Compare the water quality of the river after adding the sediment purifying agent. The water pollution factors are listed in Table 1 and Table 2 as follows:

There is no primer purifying agent, and the sediment is black and has a strong odor. Three months after the release of the substrate purifying agent, the sediment was purified and had no odor, and the river bottom sludge and suspended solids SS were reduced by 45-60 cm. The biological factors that cause the smell of river water are listed in Table 3 as follows:

Example 5 Quantitative Analysis of Various Microorganisms

In order to confirm the content of each species in the composite beneficial microorganism (CBM), quantitative analysis of each culture period in the complex beneficial microbial preparation (quantitative culture, first culture, second culture) by quantitative nucleic acid polymerase chain reaction (quantitative PCR) ) The number and proportion of each species. The quantitative analysis of each culture period is shown in Fig. 8.

This technology is especially suitable for occasions where dredging is not possible. Overcome the problems of high cost, excessive noise, easy to smell, and difficult to handle. The use of a composite substrate purifying agent can play a stable and harmless effect on heavy metals and phosphorus. For example, both chromium and phosphorus can be transferred to the sediment as sediment to reduce the release of the overlying water. The use of a new type of substrate purifying agent can carry out muddy water integration and ecological restoration of seriously polluted rivers. The technology is simple to operate and has no adverse effects on river flood control, and there is no additional cost during operation.

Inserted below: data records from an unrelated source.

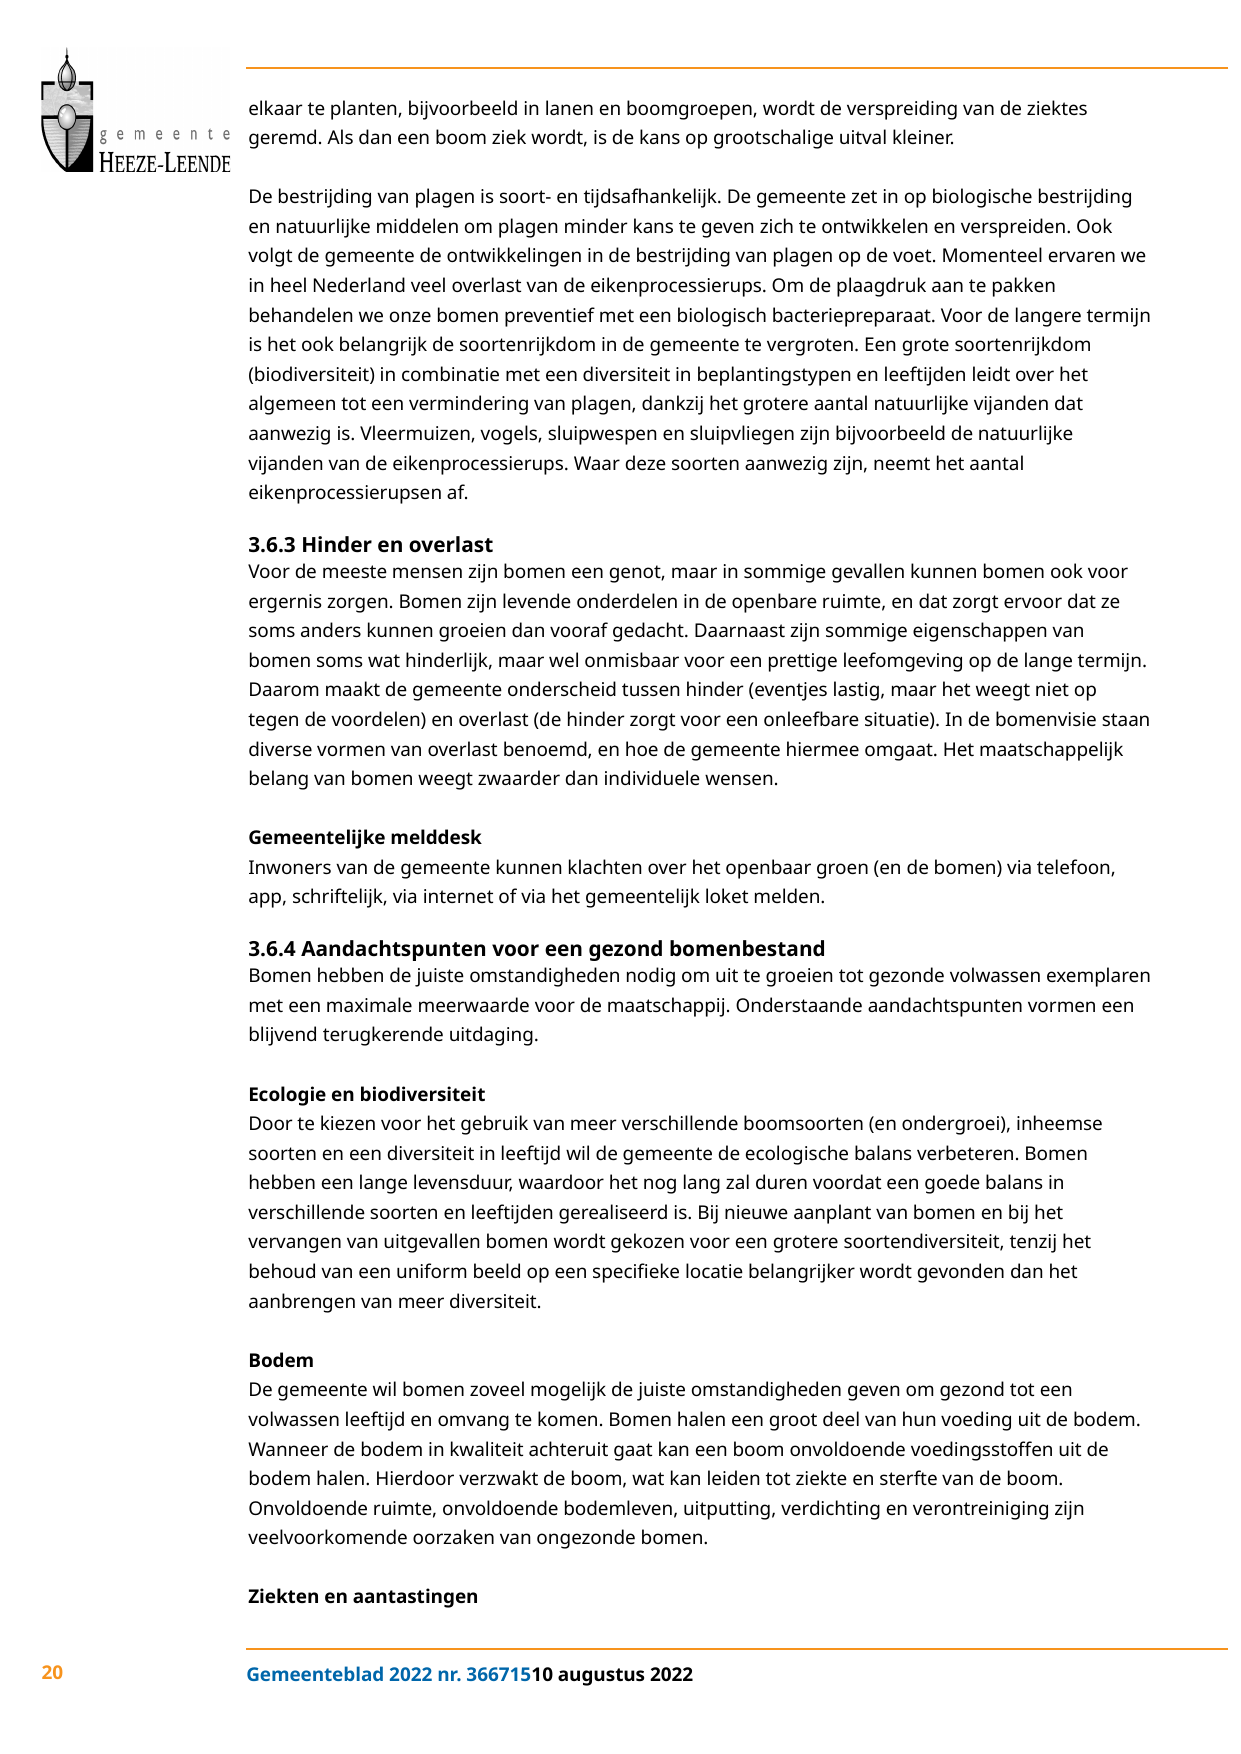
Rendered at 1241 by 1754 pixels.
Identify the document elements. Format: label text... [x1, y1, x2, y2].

text elkaar te planten, bijvoorbeeld in lanen en boomgroepen, wordt de verspreiding van de ziektes geremd. Als dan een boom ziek wordt, is de kans op grootschalige uitval kleiner. [248, 95, 1152, 150]
picture [41, 47, 231, 172]
text Ziekten en aantastingen [248, 1584, 1152, 1609]
text Gemeentelijke melddesk [248, 824, 1152, 850]
text Bodem [248, 1347, 1152, 1373]
text Ecologie en biodiversiteit [248, 1081, 1152, 1107]
text 3.6.3 Hinder en overlast [248, 530, 1152, 558]
text Bomen hebben de juiste omstandigheden nodig om uit te groeien tot gezonde volwassen exemplaren met een maximale meerwaarde voor de maatschappij. Onderstaande aandachtspunten vormen een blijvend terugkerende uitdaging. [248, 962, 1152, 1047]
text Inwoners van de gemeente kunnen klachten over het openbaar groen (en de bomen) via telefoon, app, schriftelijk, via internet of via het gemeentelijk loket melden. [248, 854, 1152, 909]
text Voor de meeste mensen zijn bomen een genot, maar in sommige gevallen kunnen bomen ook voor ergernis zorgen. Bomen zijn levende onderdelen in de openbare ruimte, en dat zorgt ervoor dat ze soms anders kunnen groeien dan vooraf gedacht. Daarnaast zijn sommige eigenschappen van bomen soms wat hinderlijk, maar wel onmisbaar voor een prettige leefomgeving op de lange termijn. Daarom maakt de gemeente onderscheid tussen hinder (eventjes lastig, maar het weegt niet op tegen de voordelen) en overlast (de hinder zorgt voor een onleefbare situatie). In de bomenvisie staan diverse vormen van overlast benoemd, en hoe de gemeente hiermee omgaat. Het maatschappelijk belang van bomen weegt zwaarder dan individuele wensen. [248, 558, 1152, 791]
text De gemeente wil bomen zoveel mogelijk de juiste omstandigheden geven om gezond tot een volwassen leeftijd en omvang te komen. Bomen halen een groot deel van hun voeding uit de bodem. Wanneer de bodem in kwaliteit achteruit gaat kan een boom onvoldoende voedingsstoffen uit de bodem halen. Hierdoor verzwakt de boom, wat kan leiden tot ziekte en sterfte van de boom. Onvoldoende ruimte, onvoldoende bodemleven, uitputting, verdichting en verontreiniging zijn veelvoorkomende oorzaken van ongezonde bomen. [248, 1377, 1152, 1550]
text De bestrijding van plagen is soort- en tijdsafhankelijk. De gemeente zet in op biologische bestrijding en natuurlijke middelen om plagen minder kans te geven zich te ontwikkelen en verspreiden. Ook volgt de gemeente de ontwikkelingen in de bestrijding van plagen op de voet. Momenteel ervaren we in heel Nederland veel overlast van de eikenprocessierups. Om de plaagdruk aan te pakken behandelen we onze bomen preventief met een biologisch bacteriepreparaat. Voor de langere termijn is het ook belangrijk de soortenrijkdom in de gemeente te vergroten. Een grote soortenrijkdom (biodiversiteit) in combinatie met een diversiteit in beplantingstypen en leeftijden leidt over het algemeen tot een vermindering van plagen, dankzij het grotere aantal natuurlijke vijanden dat aanwezig is. Vleermuizen, vogels, sluipwespen en sluipvliegen zijn bijvoorbeeld de natuurlijke vijanden van de eikenprocessierups. Waar deze soorten aanwezig zijn, neemt het aantal eikenprocessierupsen af. [248, 183, 1152, 505]
text Door te kiezen voor het gebruik van meer verschillende boomsoorten (en ondergroei), inheemse soorten en een diversiteit in leeftijd wil de gemeente de ecologische balans verbeteren. Bomen hebben een lange levensduur, waardoor het nog lang zal duren voordat een goede balans in verschillende soorten en leeftijden gerealiseerd is. Bij nieuwe aanplant van bomen en bij het vervangen van uitgevallen bomen wordt gekozen voor een grotere soortendiversiteit, tenzij het behoud van een uniform beeld op een specifieke locatie belangrijker wordt gevonden dan het aanbrengen van meer diversiteit. [248, 1110, 1152, 1314]
text 3.6.4 Aandachtspunten voor een gezond bomenbestand [248, 934, 1152, 962]
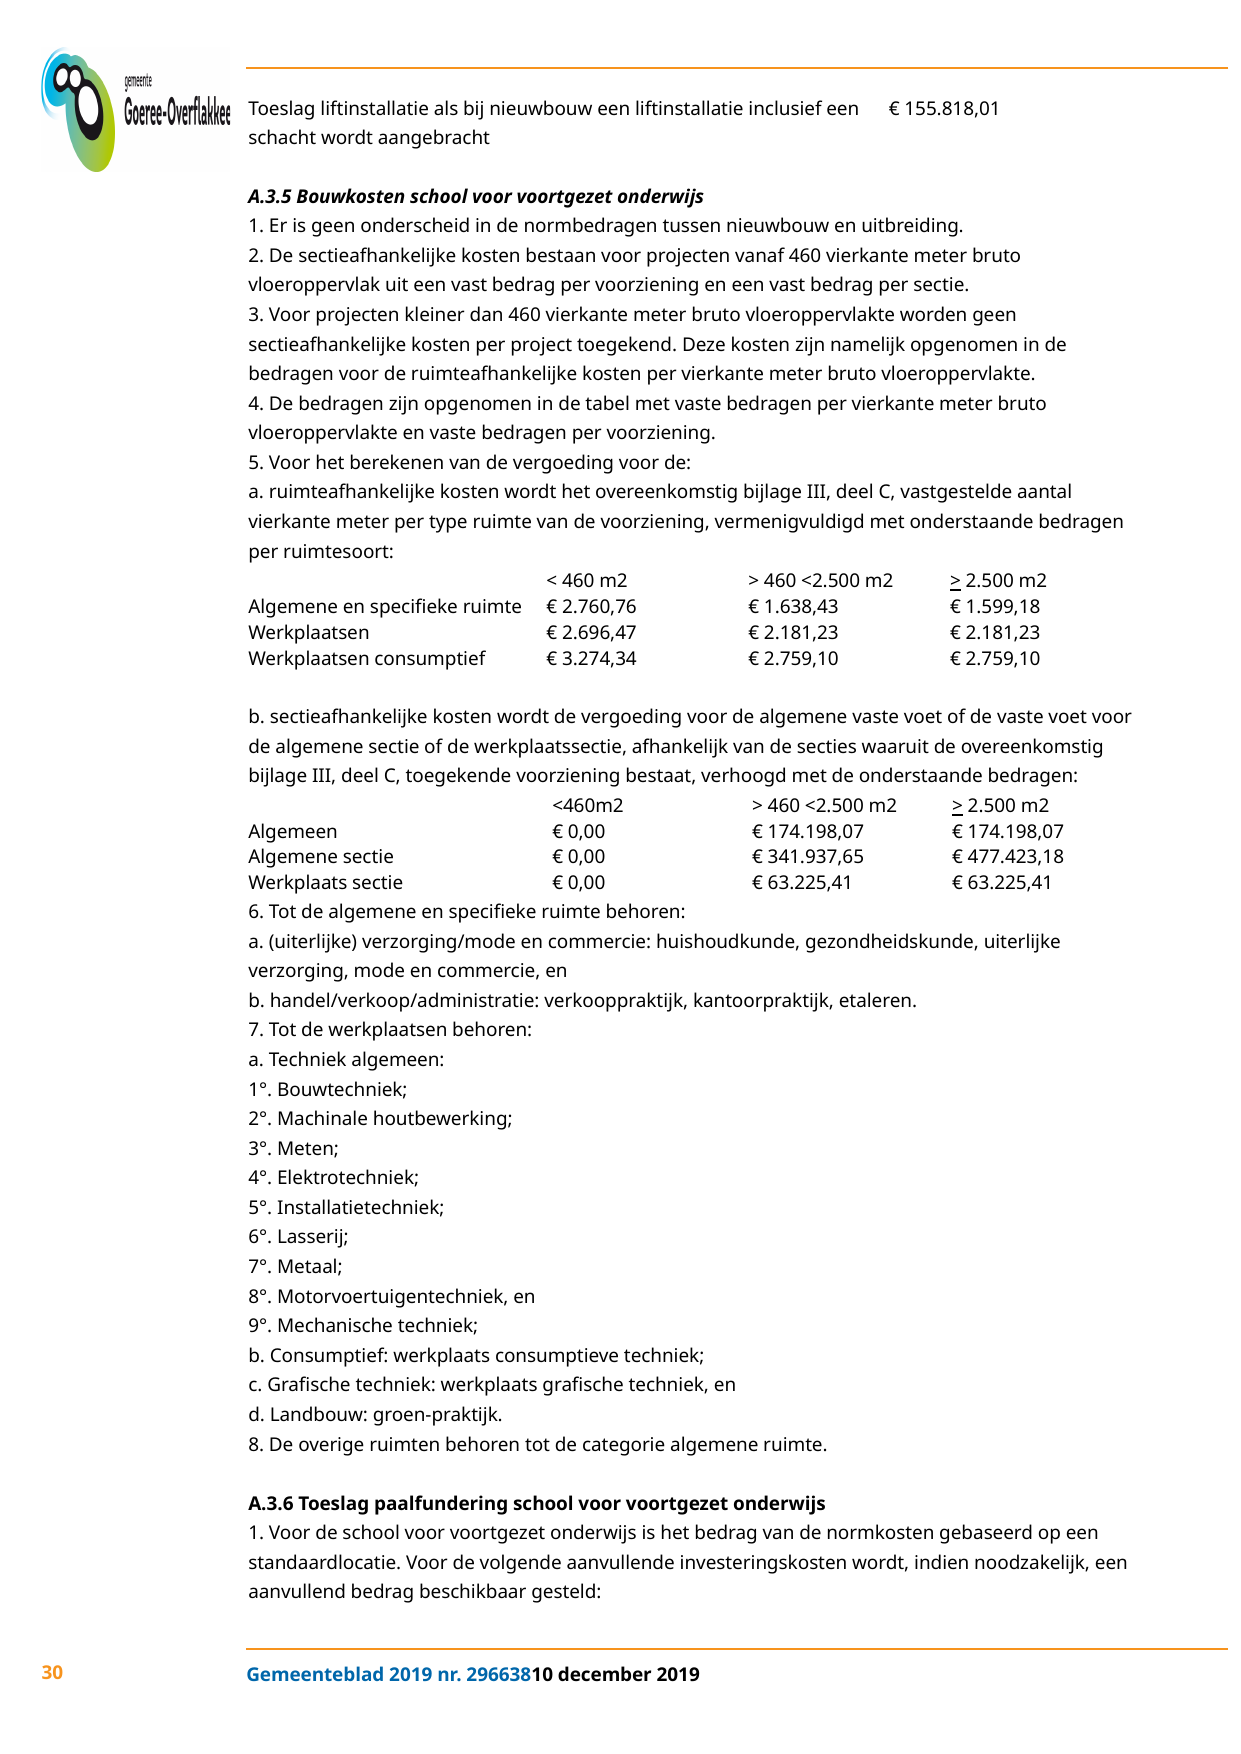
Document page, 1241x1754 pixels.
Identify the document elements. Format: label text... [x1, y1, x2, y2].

table_cell € 2.760,76 [546, 593, 748, 619]
text 1. Er is geen onderscheid in de normbedragen tussen nieuwbouw en uitbreiding. [248, 212, 1152, 238]
table_cell Algemene en specifieke ruimte [248, 593, 546, 619]
text 1. Voor de school voor voortgezet onderwijs is het bedrag van de normkosten gebaseerd op een standaardlocatie. Voor de volgende aanvullende investeringskosten wordt, indien noodzakelijk, een aanvullend bedrag beschikbaar gesteld: [248, 1519, 1152, 1604]
table_cell € 341.937,65 [752, 844, 952, 869]
text 8. De overige ruimten behoren tot de categorie algemene ruimte. [248, 1431, 1152, 1457]
table_cell Werkplaatsen [248, 619, 546, 645]
text 5°. Installatietechniek; [248, 1194, 1152, 1220]
text 6°. Lasserij; [248, 1224, 1152, 1249]
table_cell € 174.198,07 [952, 818, 1152, 844]
table_cell Werkplaatsen consumptief [248, 645, 546, 671]
table_header [248, 568, 546, 593]
text 7. Tot de werkplaatsen behoren: [248, 1017, 1152, 1042]
table_cell € 2.696,47 [546, 619, 748, 645]
text b. Consumptief: werkplaats consumptieve techniek; [248, 1342, 1152, 1368]
text 4. De bedragen zijn opgenomen in de tabel met vaste bedragen per vierkante meter bruto vloeroppervlakte en vaste bedragen per voorziening. [248, 390, 1152, 445]
table_cell € 63.225,41 [752, 869, 952, 895]
text c. Grafische techniek: werkplaats grafische techniek, en [248, 1372, 1152, 1397]
table_header < 460 m2 [546, 568, 748, 593]
text a. (uiterlijke) verzorging/mode en commercie: huishoudkunde, gezondheidskunde, uiterlijke verzorging, mode en commercie, en [248, 928, 1152, 983]
table_cell € 174.198,07 [752, 818, 952, 844]
table_cell € 2.181,23 [748, 619, 950, 645]
text 1°. Bouwtechniek; [248, 1076, 1152, 1102]
text 8°. Motorvoertuigentechniek, en [248, 1283, 1152, 1309]
text 3°. Meten; [248, 1135, 1152, 1161]
table_cell € 155.818,01 [889, 95, 1152, 150]
text 2°. Machinale houtbewerking; [248, 1105, 1152, 1131]
text 9°. Mechanische techniek; [248, 1312, 1152, 1338]
table_cell € 2.759,10 [950, 645, 1152, 671]
table_cell € 477.423,18 [952, 844, 1152, 869]
picture [41, 47, 231, 172]
table_cell € 2.759,10 [748, 645, 950, 671]
table_header > 2.500 m2 [950, 568, 1152, 593]
text d. Landbouw: groen-praktijk. [248, 1401, 1152, 1427]
table_header <460m2 [552, 792, 752, 818]
text 6. Tot de algemene en specifieke ruimte behoren: [248, 898, 1152, 924]
table_cell Algemene sectie [248, 844, 552, 869]
text a. ruimteafhankelijke kosten wordt het overeenkomstig bijlage III, deel C, vastgestelde aantal vierkante meter per type ruimte van de voorziening, vermenigvuldigd met onderstaande bedragen per ruimtesoort: [248, 479, 1152, 564]
text b. handel/verkoop/administratie: verkooppraktijk, kantoorpraktijk, etaleren. [248, 987, 1152, 1013]
table_header > 460 <2.500 m2 [748, 568, 950, 593]
table_header > 2.500 m2 [952, 792, 1152, 818]
text b. sectieafhankelijke kosten wordt de vergoeding voor de algemene vaste voet of de vaste voet voor de algemene sectie of de werkplaatssectie, afhankelijk van de secties waaruit de overeenkomstig bijlage III, deel C, toegekende voorziening bestaat, verhoogd met de onderstaande bedragen: [248, 703, 1152, 788]
table_cell Werkplaats sectie [248, 869, 552, 895]
text A.3.6 Toeslag paalfundering school voor voortgezet onderwijs [248, 1490, 1152, 1516]
text 3. Voor projecten kleiner dan 460 vierkante meter bruto vloeroppervlakte worden geen sectieafhankelijke kosten per project toegekend. Deze kosten zijn namelijk opgenomen in de bedragen voor de ruimteafhankelijke kosten per vierkante meter bruto vloeroppervlakte. [248, 301, 1152, 386]
table_cell € 63.225,41 [952, 869, 1152, 895]
text 2. De sectieafhankelijke kosten bestaan voor projecten vanaf 460 vierkante meter bruto vloeroppervlak uit een vast bedrag per voorziening en een vast bedrag per sectie. [248, 242, 1152, 297]
table_header > 460 <2.500 m2 [752, 792, 952, 818]
table_cell € 0,00 [552, 818, 752, 844]
table_cell € 3.274,34 [546, 645, 748, 671]
text a. Techniek algemeen: [248, 1046, 1152, 1072]
text 4°. Elektrotechniek; [248, 1164, 1152, 1190]
table_cell € 1.638,43 [748, 593, 950, 619]
table_cell € 0,00 [552, 844, 752, 869]
table_cell € 1.599,18 [950, 593, 1152, 619]
table_header [248, 792, 552, 818]
text 5. Voor het berekenen van de vergoeding voor de: [248, 449, 1152, 475]
text A.3.5 Bouwkosten school voor voortgezet onderwijs [248, 183, 1152, 209]
text 7°. Metaal; [248, 1253, 1152, 1279]
table_cell Toeslag liftinstallatie als bij nieuwbouw een liftinstallatie inclusief een schacht wordt aangebracht [248, 95, 888, 150]
table_cell € 2.181,23 [950, 619, 1152, 645]
table_cell € 0,00 [552, 869, 752, 895]
table_cell Algemeen [248, 818, 552, 844]

The above-mentioned multiple functions are the statutory invention patents that fully meet the novelty and progress. If you apply in accordance with the law, you are requested to approve the invention patent application to encourage invention.

Claims (10)

A composition for removing sewage and a reforestation channel, the composition comprising a porous cavity material and a microbial composition. The composition according to claim 1, wherein the porous hole material is a modified zeolite or algin. The composition of the microbial composition according to claim 1, wherein the microbial composition is continuously cultured for 7 days at 28 ° C, a rotation speed of 200 rpm, and an illumination intensity of 1000 lux; and then 5% molasses, 0.4% is added. After urea and 0.15% potassium dihydrogen phosphate, the temperature was controlled at 28 ° C and the fermentation was continued for 5 days in a fermentation tank. A method for producing a modified zeolite according to the composition of claim 2, which comprises washing and drying the mordenite with distilled water, immersing the zeolite in 5% hydrochloric acid for 2 hours, and then washing with distilled water. The net to pH was neutral and dried, and the zeolite was soaked in 5% sodium hydroxide for 2 hours, and finally washed with distilled water until the pH was neutral and dried. A method for using a composition to inject sewage to remove pollution, which is to be used for sewage decontamination by the composition referred to in claim 1 of the patent application. For example, in the method described in claim 5, the sewage refers to fresh water wastewater, seawater wastewater, freshwater aquaculture wastewater, or marine aquaculture sewage. The method of claim 6, wherein the composition is added in an amount of 3-8 grams per liter of sewage. For example, in the method described in claim 5, the sewage refers to sewage in a ditch, a reservoir, a sewage sewer, a river, and the like. The method of claim 8, wherein the composition is added to the sewage volume of 400-750 grams per square meter of sewage area. According to the method described in claim 5, the method for removing pollution includes reducing the concentration of amine ions, nitrite ions, sulfur compounds, phosphorus compounds, solid suspended particles, etc., and reducing biological oxygen demand and chemical oxygen demand. the amount.